UNITED STATES DISTRICT COURT FOR THE DISTRICT OF NEW JERSEY


March 25, 1966

LOCAL 719, AMERICAN BAKERY AND CONFECTIONERY WORKERS OF AMERICA, A.F.L.-C.I.O., Plaintiff
v.
The NATIONAL BISCUIT COMPANY, Defendant

The opinion of the court was delivered by: WORTENDYKE

WORTENDYKE, District Judge.

 This action, brought under N.J.S.A. 2A:24-7 by a labor organization against an employer of members thereof, to vacate the award of an arbitrator, was instituted in the Law Division of the Superior Court of New Jersey and removed to this Court because of its jurisdiction under 29 U.S.C. § 185(a) and 28 U.S.C. §§ 1331 and 1337.

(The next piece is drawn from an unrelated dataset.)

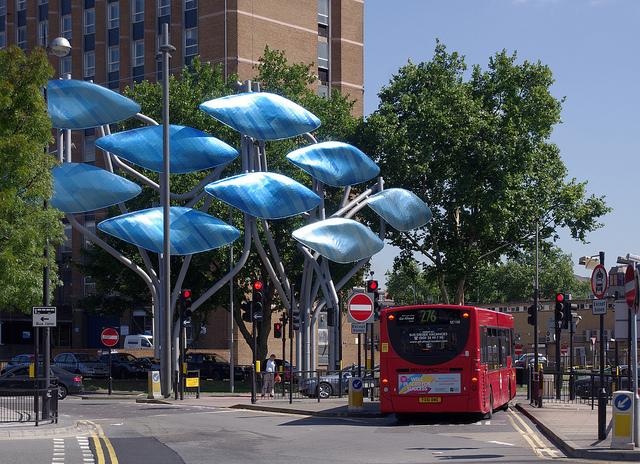Is it cloudy?
Quick response, please. No. Do the two white arrows on blue point in different directions?
Keep it brief. No. What color is the traffic light?
Answer briefly. Red.

 The cause of action is based upon a Collective Bargaining Agreement between the parties providing for the arbitration of certain disputes between them. The arbitrator held that the issues submitted were arbitrable and made an award upon the merits. The Local contends that the arbitrator's decision "exceeded his powers and was so imperfectly executed that a mutual, final and definite award upon the subject matter submitted was not made." The employer denies this contention and counterclaims for judgment confirming the arbitrator's award. Defendant moves for summary judgment pursuant to F.R.Civ.P. 56. The motion was briefed and argued. This opinion embodies the Court's opinion thereon.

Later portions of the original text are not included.